(Saved data entries)
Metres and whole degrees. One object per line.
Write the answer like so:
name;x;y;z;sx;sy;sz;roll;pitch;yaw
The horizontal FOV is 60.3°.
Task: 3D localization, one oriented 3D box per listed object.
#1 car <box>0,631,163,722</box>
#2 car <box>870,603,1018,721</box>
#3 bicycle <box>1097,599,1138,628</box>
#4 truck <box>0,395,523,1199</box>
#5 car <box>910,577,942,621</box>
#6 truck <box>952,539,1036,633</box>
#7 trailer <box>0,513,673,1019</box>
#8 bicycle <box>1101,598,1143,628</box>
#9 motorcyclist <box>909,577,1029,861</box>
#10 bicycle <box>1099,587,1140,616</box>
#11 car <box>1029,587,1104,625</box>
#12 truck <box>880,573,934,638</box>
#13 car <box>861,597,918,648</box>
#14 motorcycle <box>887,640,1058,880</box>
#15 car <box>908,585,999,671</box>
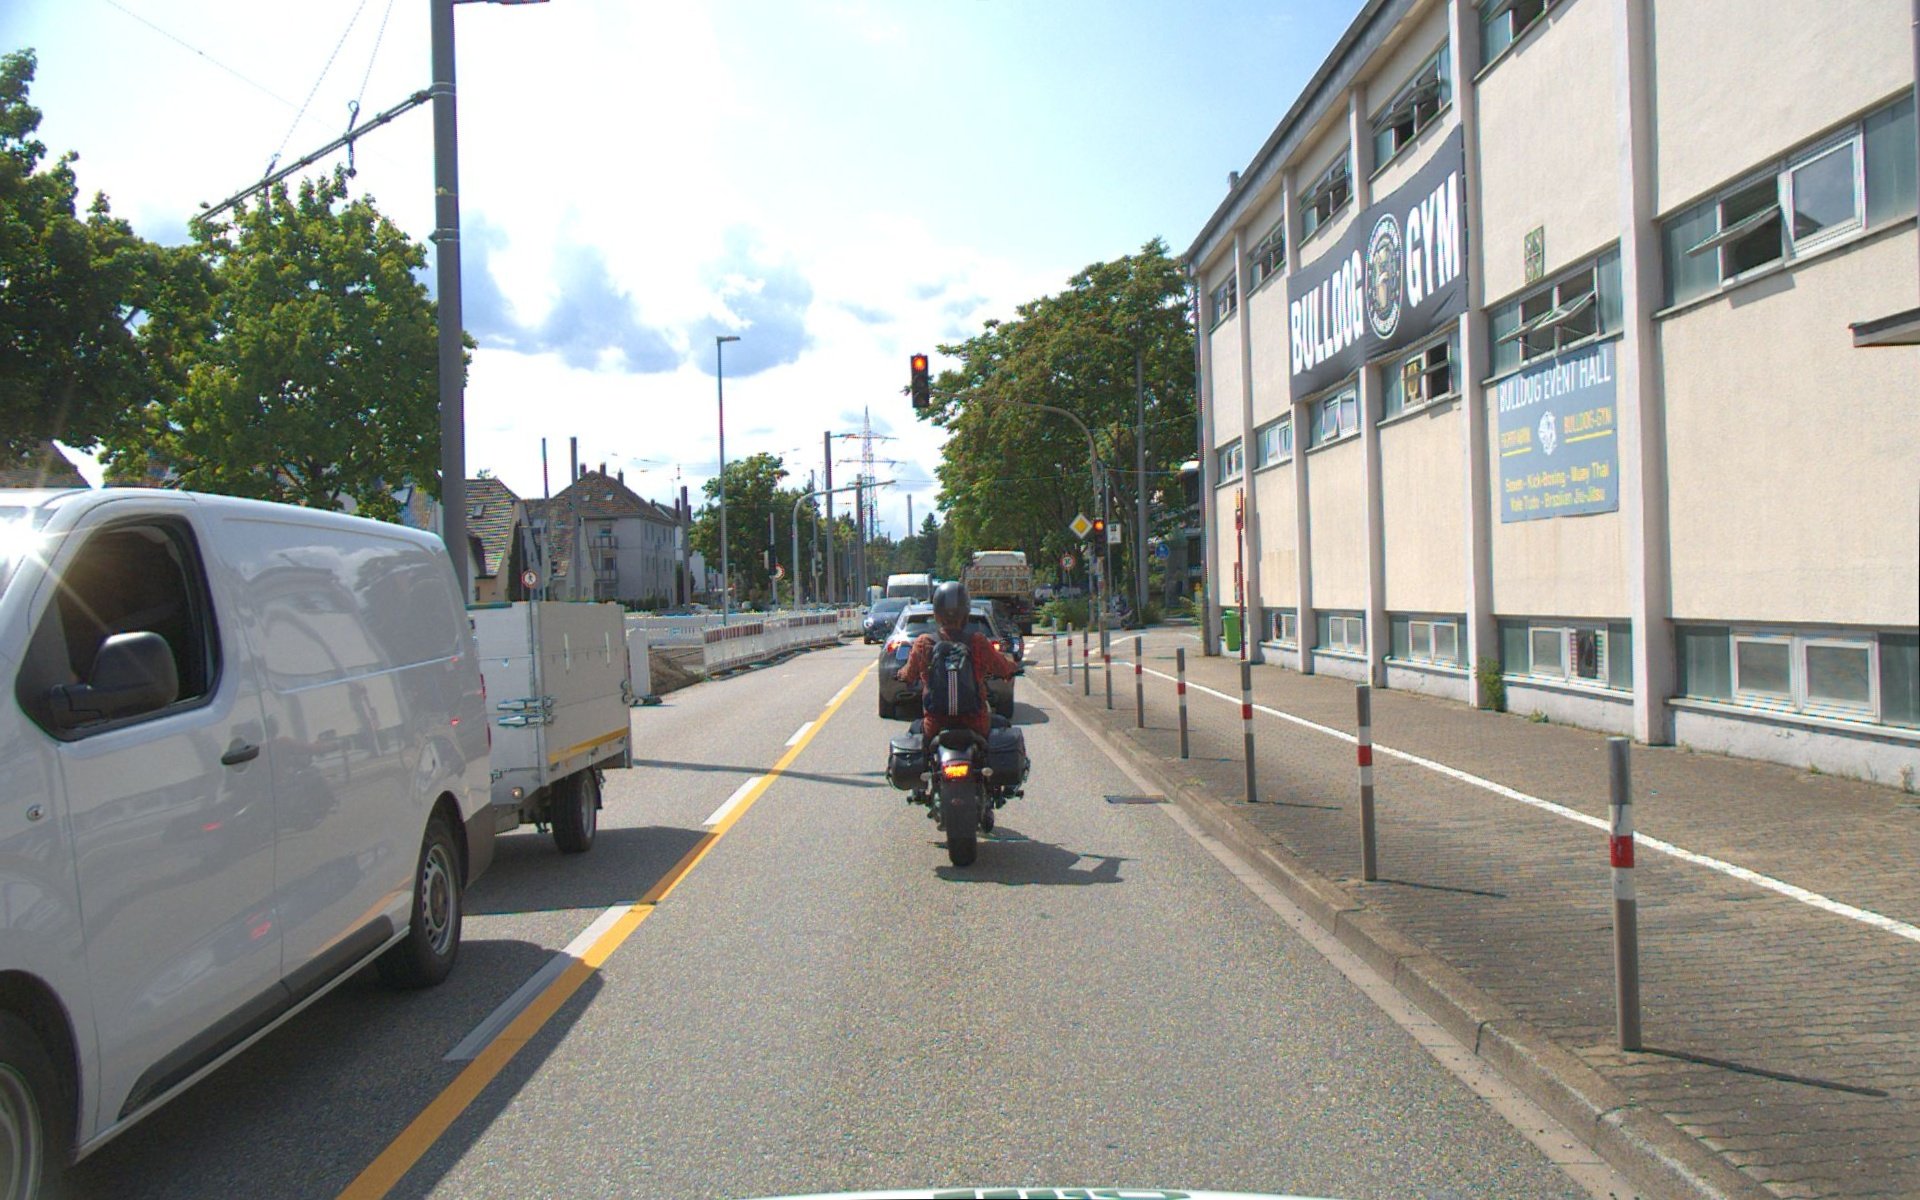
car;-16.125;1.349;30.100;1.511;1.400;4.246;-3;0;-6
car;-0.304;0.775;22.562;1.697;1.428;4.082;0;0;-5
bicycle;6.365;0.542;66.917;1.671;1.192;0.438;0;-1;4
truck;-2.935;0.611;5.134;1.783;1.942;5.114;-4;-1;-1
car;-1.738;-0.042;85.232;1.556;2.180;3.626;0;0;0
truck;1.326;-0.461;61.348;2.906;3.229;7.765;0;0;2
trailer;-3.118;0.679;9.276;2.021;1.867;5.484;-4;0;-1
bicycle;6.483;0.535;66.322;1.671;1.192;0.438;0;-1;4
motorcyclist;0.048;0.686;9.889;0.684;1.632;0.692;0;-1;-1
bicycle;6.504;0.054;67.525;1.671;1.192;0.438;0;-1;4
car;5.573;0.325;86.337;1.773;1.959;3.972;-1;-1;44
truck;-2.295;0.191;72.449;2.050;2.519;5.196;-3;2;0
car;-2.301;0.711;54.953;1.611;1.524;4.269;-1;1;1
motorcycle;0.057;0.899;10.214;0.923;1.221;2.472;0;0;-1
car;-0.085;0.595;38.569;1.861;1.742;4.721;-2;1;2
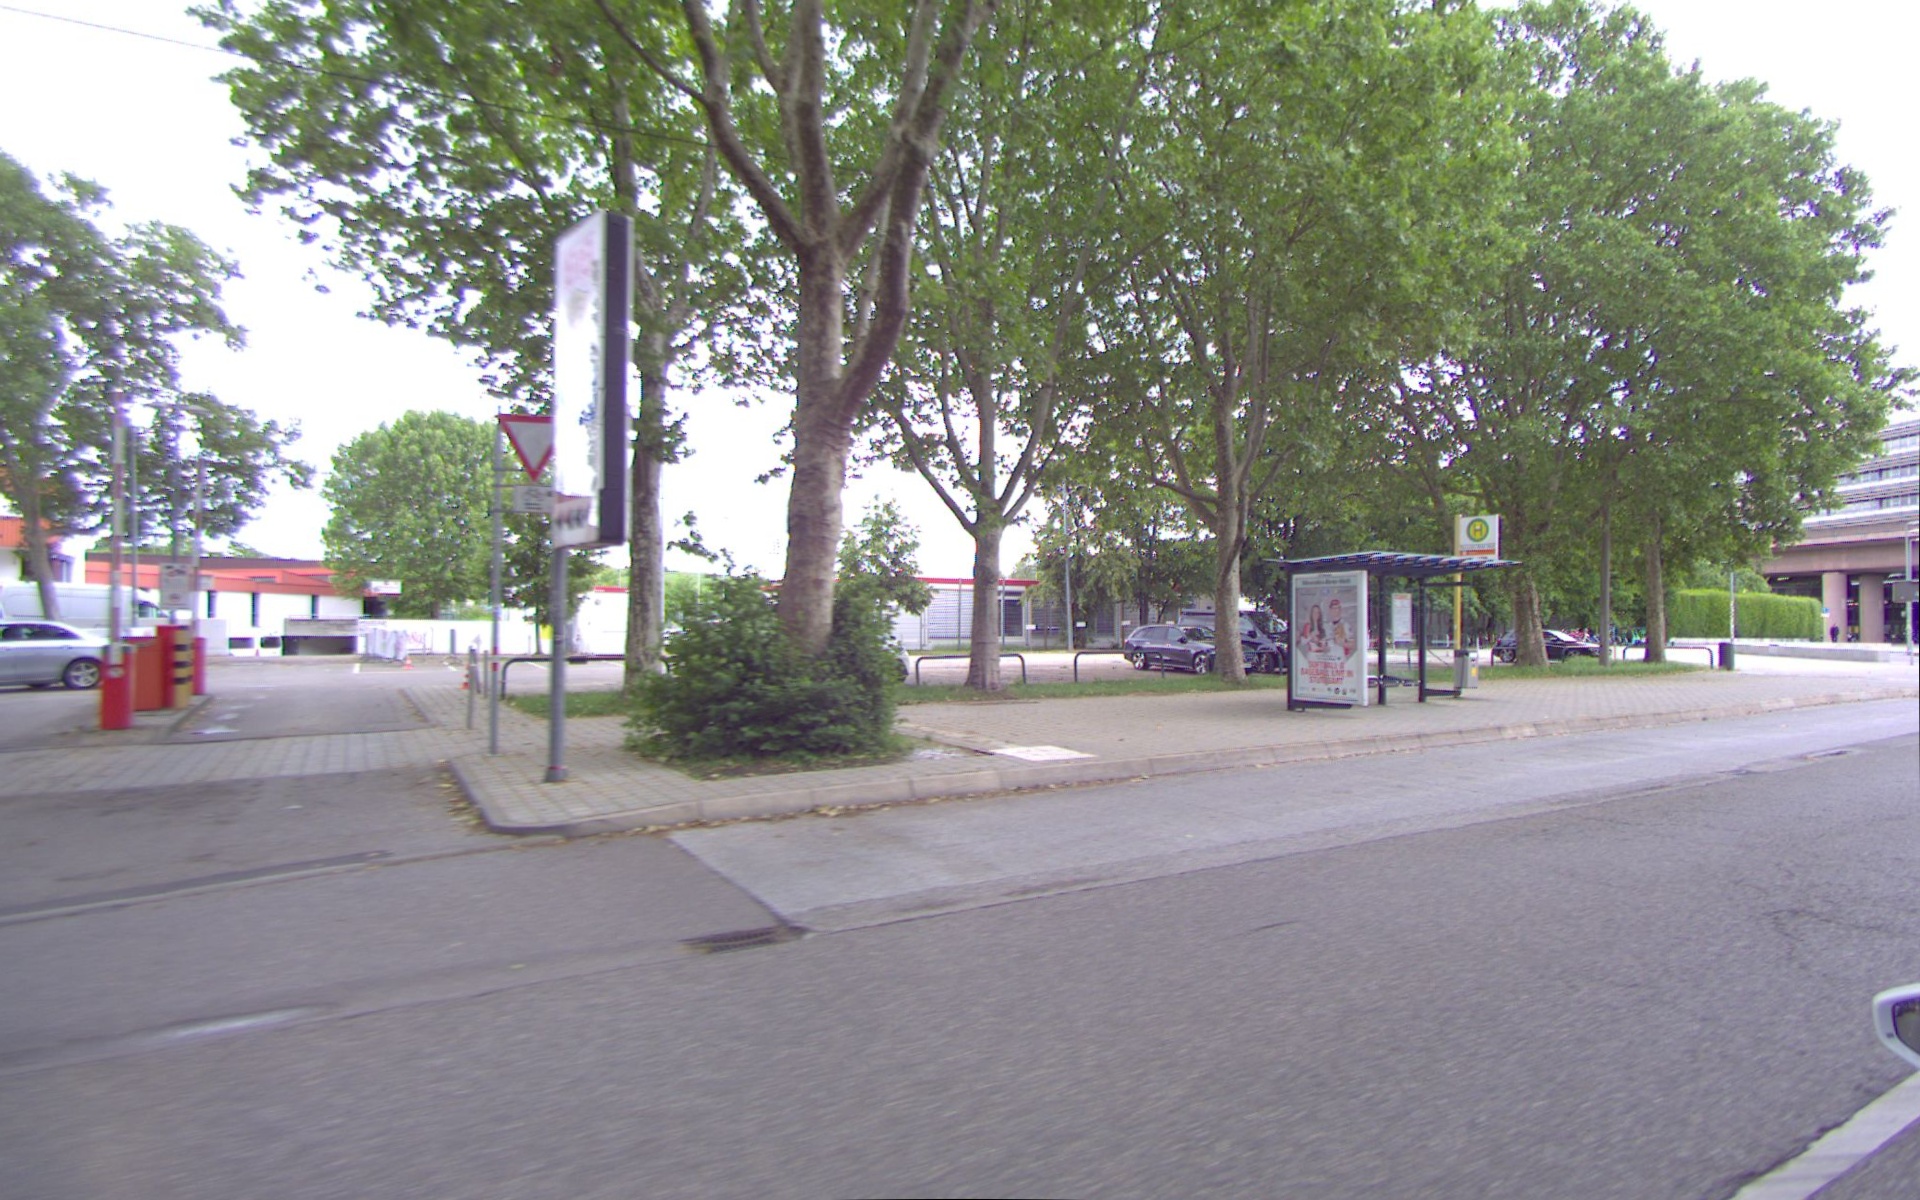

Exercise prompt — Would you transcribe exactly, and only, the lines from the one containing "#14 motorcycle <box>887,640,1058,880</box>" through the last line of the records above, both included, leaving out the pictures?

Output of the task —
#14 motorcycle <box>887,640,1058,880</box>
#15 car <box>908,585,999,671</box>
car;-16.125;1.349;30.100;1.511;1.400;4.246;-3;0;-6
car;-0.304;0.775;22.562;1.697;1.428;4.082;0;0;-5
bicycle;6.365;0.542;66.917;1.671;1.192;0.438;0;-1;4
truck;-2.935;0.611;5.134;1.783;1.942;5.114;-4;-1;-1
car;-1.738;-0.042;85.232;1.556;2.180;3.626;0;0;0
truck;1.326;-0.461;61.348;2.906;3.229;7.765;0;0;2
trailer;-3.118;0.679;9.276;2.021;1.867;5.484;-4;0;-1
bicycle;6.483;0.535;66.322;1.671;1.192;0.438;0;-1;4
motorcyclist;0.048;0.686;9.889;0.684;1.632;0.692;0;-1;-1
bicycle;6.504;0.054;67.525;1.671;1.192;0.438;0;-1;4
car;5.573;0.325;86.337;1.773;1.959;3.972;-1;-1;44
truck;-2.295;0.191;72.449;2.050;2.519;5.196;-3;2;0
car;-2.301;0.711;54.953;1.611;1.524;4.269;-1;1;1
motorcycle;0.057;0.899;10.214;0.923;1.221;2.472;0;0;-1
car;-0.085;0.595;38.569;1.861;1.742;4.721;-2;1;2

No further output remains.